Cardiac autonomic neuropathy (CAN) is an irreversible condition affecting the autonomic nervous system, which leads to abnormal functioning of the visceral organs and affects critical body functions such as blood pressure, heart rate and kidney filtration. This study presents multi-lag Tone-Entropy (T-E) analysis of heart rate variability (HRV) at multiple lags as a screening tool for CAN. A total of 41 ECG recordings were acquired from diabetic subjects with definite CAN (CAN+) and without CAN (CAN-) and analyzed. Tone and entropy values of each patient were calculated for different beat sequence lengths (len: 50-900) and lags (m: 1-8). The CAN- group was found to have a lower mean tone value compared to that of CAN+ group for all m and len, whereas the mean entropy value was higher in CAN- than that in CAN+ group. Leave-one-out (LOO) cross-validation tests using a quadratic discriminant (QD) classifier were applied to investigate the performance of multi-lag T-E features. We obtained 100 % accuracy for tone and entropy with len = 250 and m = {2, 3} settings, which is better than the performance of T-E technique based on lag m = 1. The results demonstrate the usefulness of multi-lag T-E analysis over single lag analysis in CAN diagnosis for risk stratification and highlight the change in autonomic nervous system modulation of the heart rate associated with cardiac autonomic neuropathy.

摘要

心脏自主神经病变 (CAN) 是一种影响自主神经系统的不可逆病症,导致内脏器官功能异常,并影响血压、心率和肾脏过滤等关键身体功能。本研究提出了多时滞 Tone-Entropy(T-E)分析心率变异性(HRV)作为 CAN 的筛查工具。

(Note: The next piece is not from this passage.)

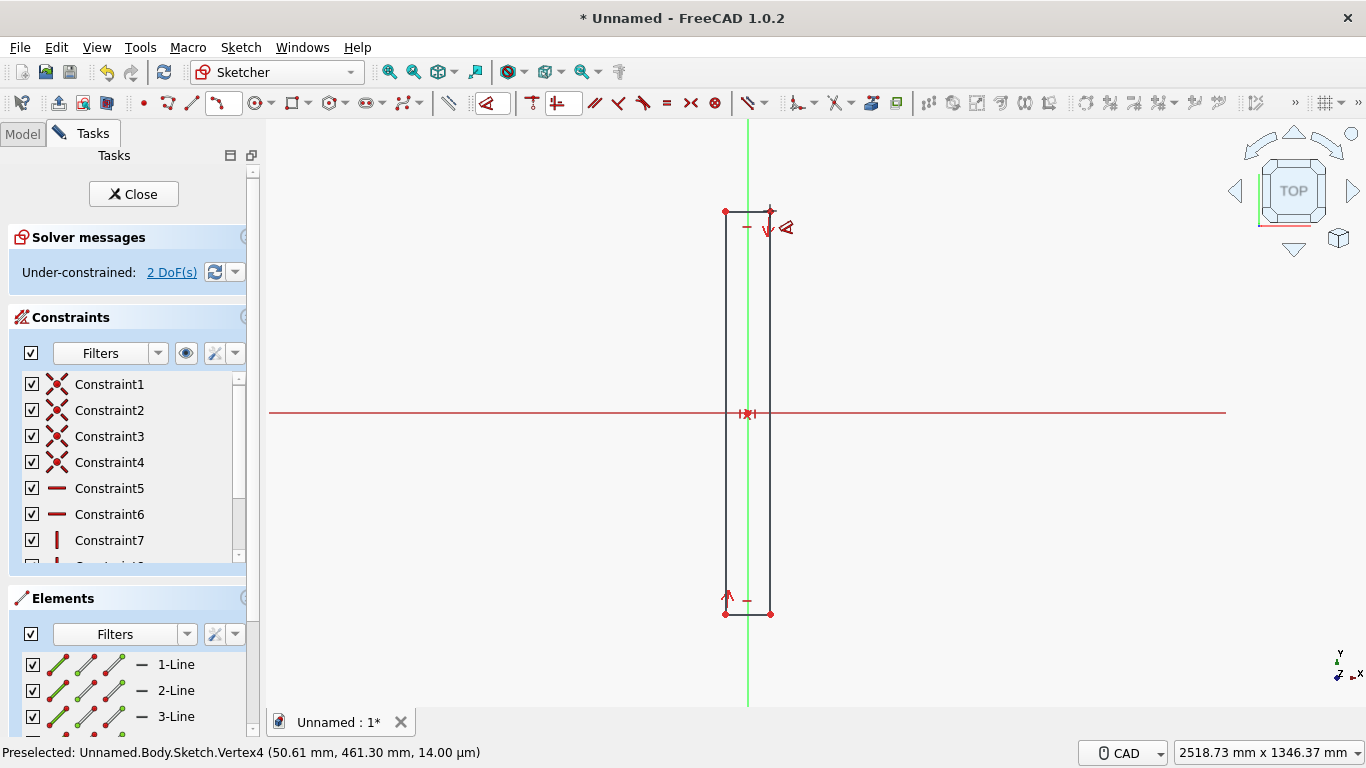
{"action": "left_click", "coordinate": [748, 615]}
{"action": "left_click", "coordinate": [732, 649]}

共采集了 41 份来自确诊为 CAN(CAN+)和无 CAN(CAN-)的糖尿病患者的心电图记录,并进行了分析。为不同的心跳序列长度(len:50-900)和时滞(m:1-8)计算了每位患者的 Tone 和熵值。CAN- 组的平均 Tone 值明显低于 CAN+ 组,而 CAN- 组的平均熵值高于 CAN+ 组。使用二次判别(QD)分类器进行的留一法(LOO)交叉验证测试,用于研究多时滞 T-E 特征的性能。我们在 len = 250 和 m = {2, 3} 设置下获得了 100%的 Tone 和熵准确率,优于基于 m = 1 的 T-E 技术的性能。结果表明,多时滞 T-E 分析在 CAN 诊断中的风险分层中比单时滞分析更有用,并强调了与心脏自主神经病变相关的心率自主神经系统调节变化。